[Start of section]

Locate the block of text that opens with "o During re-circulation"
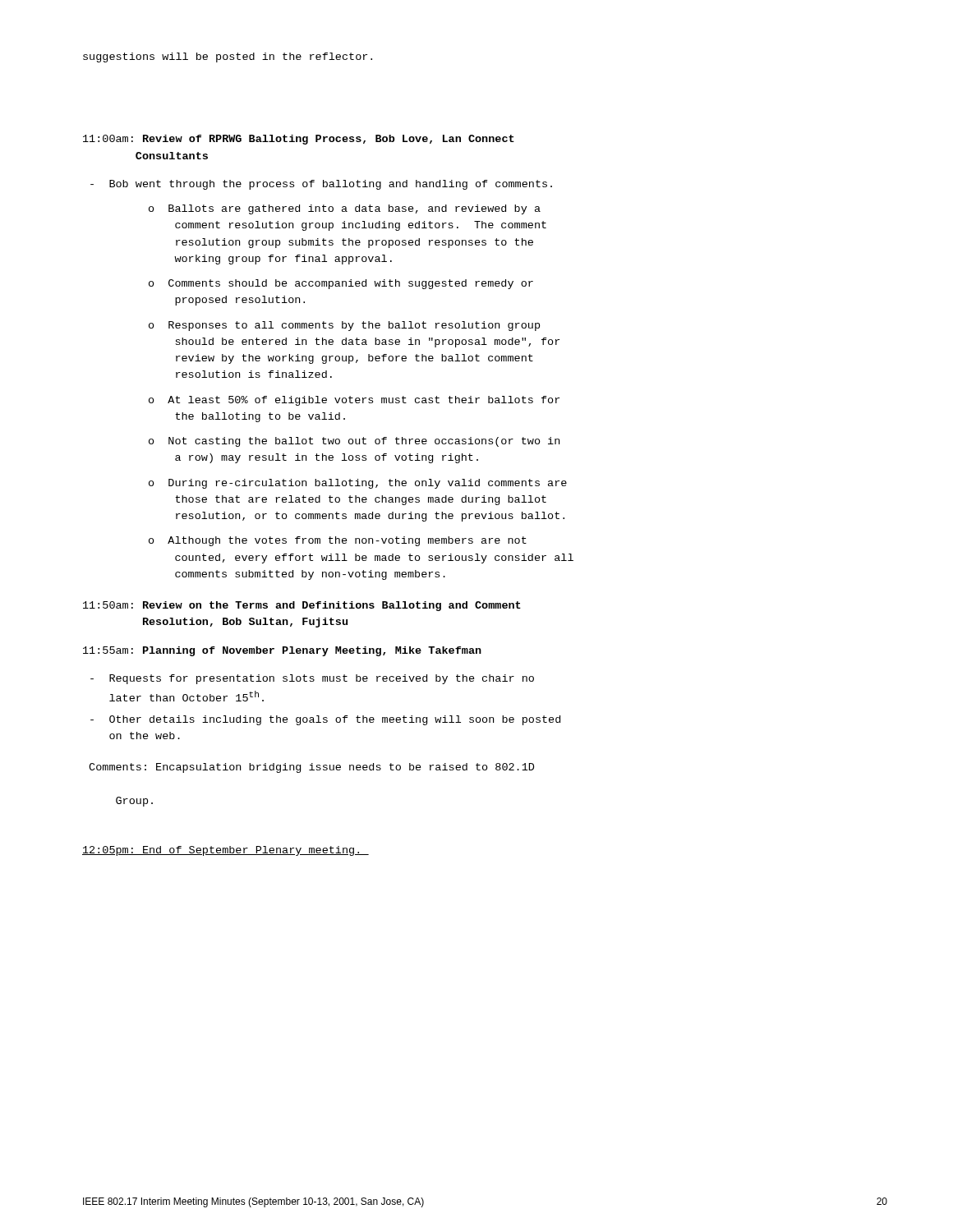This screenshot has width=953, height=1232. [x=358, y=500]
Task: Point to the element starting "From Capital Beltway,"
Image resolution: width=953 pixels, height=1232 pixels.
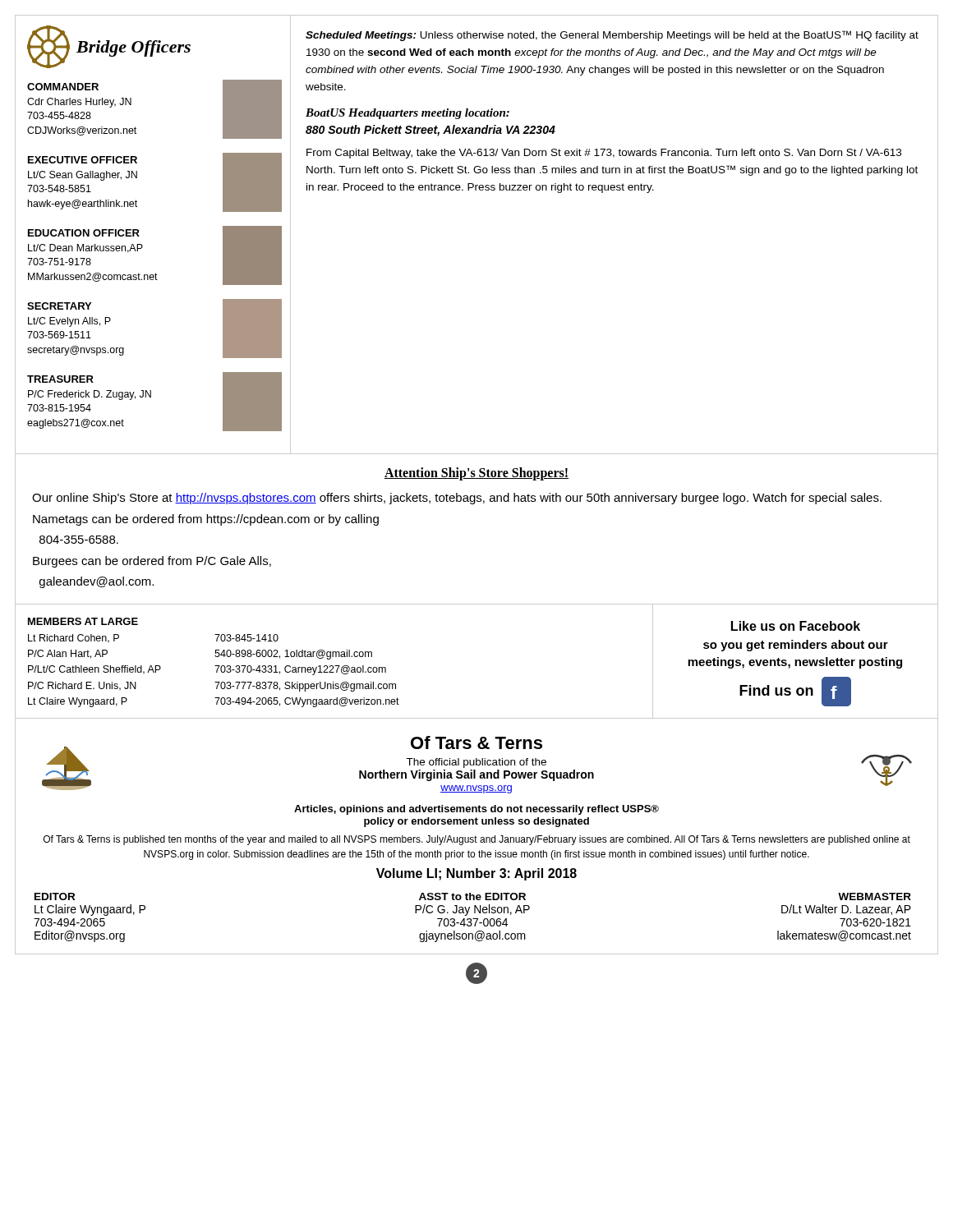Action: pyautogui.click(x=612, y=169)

[End of section]
[Start of section]

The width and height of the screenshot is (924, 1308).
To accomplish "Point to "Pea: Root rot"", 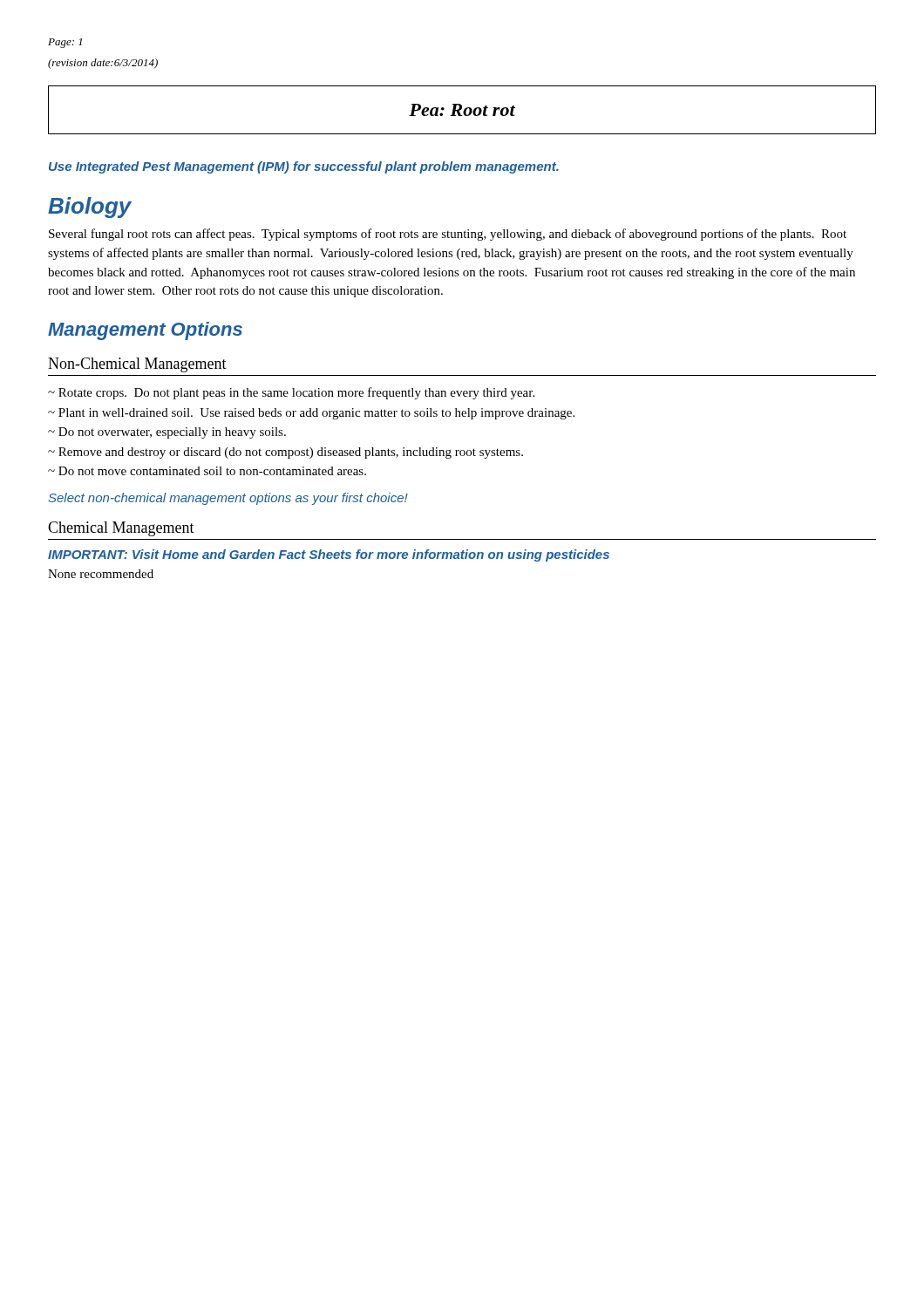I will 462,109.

[End of section]

**PROBLEM**: Beginning with the line that contains "Locate the block", write out the lines of the material above exactly, and end with the line that contains "Task: Point to". Omit the pictures.

**EXERCISE OUTPUT**:
Locate the block of text that opens with "o During re-circulation"
This screenshot has width=953, height=1232. [x=358, y=500]
Task: Point to the element starting "From Capital Beltway,"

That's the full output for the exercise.